- **Aim of the exercise**:
Write the records out exactly as shown. No pictures.

Stored records:
>>>>
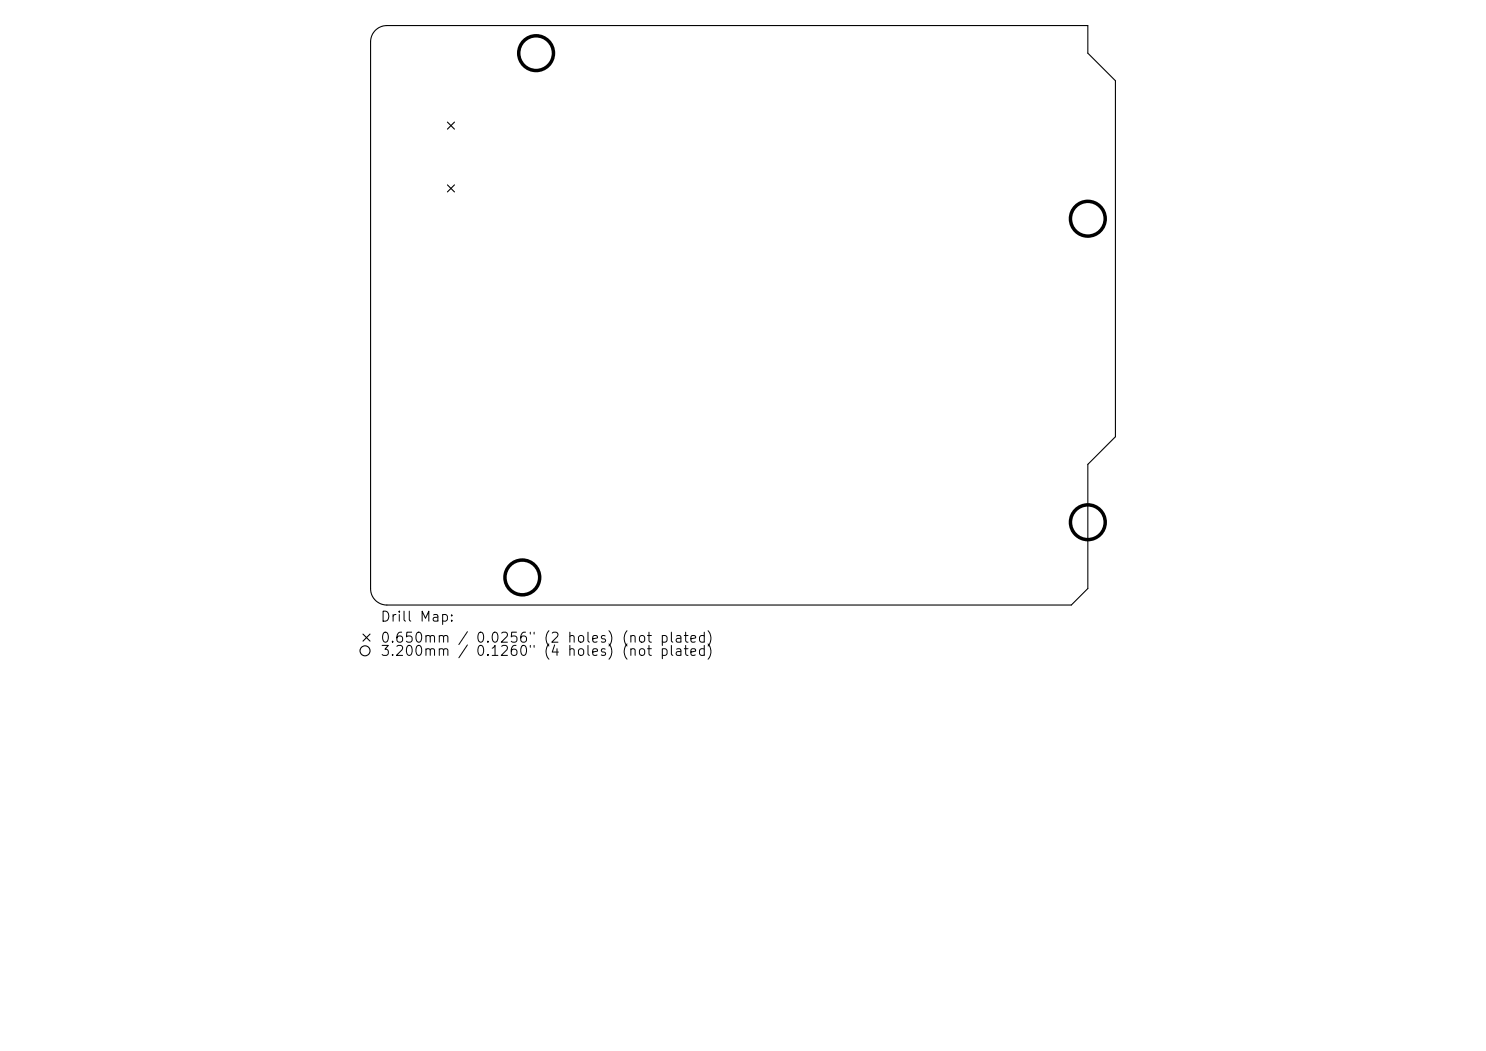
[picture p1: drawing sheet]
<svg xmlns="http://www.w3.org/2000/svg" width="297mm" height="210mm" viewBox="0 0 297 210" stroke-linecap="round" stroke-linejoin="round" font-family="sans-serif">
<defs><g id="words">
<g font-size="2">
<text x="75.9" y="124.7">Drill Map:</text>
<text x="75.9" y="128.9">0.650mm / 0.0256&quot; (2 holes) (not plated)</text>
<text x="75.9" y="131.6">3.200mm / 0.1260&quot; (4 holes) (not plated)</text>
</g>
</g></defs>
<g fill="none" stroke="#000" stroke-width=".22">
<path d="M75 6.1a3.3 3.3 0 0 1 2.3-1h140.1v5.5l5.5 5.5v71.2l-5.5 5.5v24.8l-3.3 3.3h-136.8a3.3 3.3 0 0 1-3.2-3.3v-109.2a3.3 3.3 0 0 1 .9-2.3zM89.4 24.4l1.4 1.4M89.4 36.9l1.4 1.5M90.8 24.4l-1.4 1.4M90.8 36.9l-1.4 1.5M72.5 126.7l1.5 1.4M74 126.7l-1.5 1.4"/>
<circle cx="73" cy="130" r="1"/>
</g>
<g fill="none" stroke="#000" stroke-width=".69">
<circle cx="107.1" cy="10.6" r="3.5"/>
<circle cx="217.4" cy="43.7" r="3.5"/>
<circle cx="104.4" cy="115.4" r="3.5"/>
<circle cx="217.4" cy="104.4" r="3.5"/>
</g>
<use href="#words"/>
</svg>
<<<<
- **Response to this task**:
[picture p1: drawing sheet]
<svg xmlns="http://www.w3.org/2000/svg" width="297mm" height="210mm" viewBox="0 0 297 210" stroke-linecap="round" stroke-linejoin="round" font-family="sans-serif">
<defs><g id="words">
<g font-size="2">
<text x="75.9" y="124.7">Drill Map:</text>
<text x="75.9" y="128.9">0.650mm / 0.0256&quot; (2 holes) (not plated)</text>
<text x="75.9" y="131.6">3.200mm / 0.1260&quot; (4 holes) (not plated)</text>
</g>
</g></defs>
<g fill="none" stroke="#000" stroke-width=".22">
<path d="M75 6.1a3.3 3.3 0 0 1 2.3-1h140.1v5.5l5.5 5.5v71.2l-5.5 5.5v24.8l-3.3 3.3h-136.8a3.3 3.3 0 0 1-3.2-3.3v-109.2a3.3 3.3 0 0 1 .9-2.3zM89.4 24.4l1.4 1.4M89.4 36.9l1.4 1.5M90.8 24.4l-1.4 1.4M90.8 36.9l-1.4 1.5M72.5 126.7l1.5 1.4M74 126.7l-1.5 1.4"/>
<circle cx="73" cy="130" r="1"/>
</g>
<g fill="none" stroke="#000" stroke-width=".69">
<circle cx="107.1" cy="10.6" r="3.5"/>
<circle cx="217.4" cy="43.7" r="3.5"/>
<circle cx="104.4" cy="115.4" r="3.5"/>
<circle cx="217.4" cy="104.4" r="3.5"/>
</g>
<use href="#words"/>
</svg>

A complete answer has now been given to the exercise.